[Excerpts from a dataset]
- - -
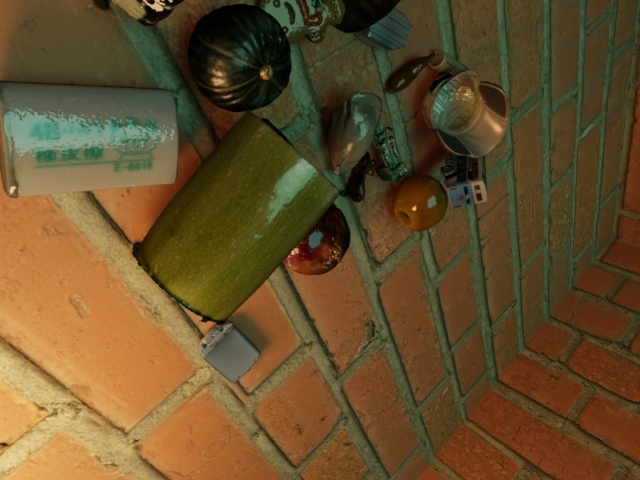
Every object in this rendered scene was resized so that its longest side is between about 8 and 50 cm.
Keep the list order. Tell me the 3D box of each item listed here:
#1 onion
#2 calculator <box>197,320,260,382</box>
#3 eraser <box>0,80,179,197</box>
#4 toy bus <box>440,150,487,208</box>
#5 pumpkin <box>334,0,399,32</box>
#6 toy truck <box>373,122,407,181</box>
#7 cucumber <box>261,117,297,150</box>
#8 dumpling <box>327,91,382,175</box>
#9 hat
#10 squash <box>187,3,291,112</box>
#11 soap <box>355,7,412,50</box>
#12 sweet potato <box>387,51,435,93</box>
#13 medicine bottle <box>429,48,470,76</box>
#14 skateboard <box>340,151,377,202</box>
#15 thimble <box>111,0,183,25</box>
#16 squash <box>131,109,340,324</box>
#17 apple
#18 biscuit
- - -
#### Exercise prompt:
Repeat the records above exactly, omitting every picture.

#### Solution to this task:
Every object in this rendered scene was resized so that its longest side is between about 8 and 50 cm.
Keep the list order. Tell me the 3D box of each item listed here:
#1 onion
#2 calculator <box>197,320,260,382</box>
#3 eraser <box>0,80,179,197</box>
#4 toy bus <box>440,150,487,208</box>
#5 pumpkin <box>334,0,399,32</box>
#6 toy truck <box>373,122,407,181</box>
#7 cucumber <box>261,117,297,150</box>
#8 dumpling <box>327,91,382,175</box>
#9 hat
#10 squash <box>187,3,291,112</box>
#11 soap <box>355,7,412,50</box>
#12 sweet potato <box>387,51,435,93</box>
#13 medicine bottle <box>429,48,470,76</box>
#14 skateboard <box>340,151,377,202</box>
#15 thimble <box>111,0,183,25</box>
#16 squash <box>131,109,340,324</box>
#17 apple
#18 biscuit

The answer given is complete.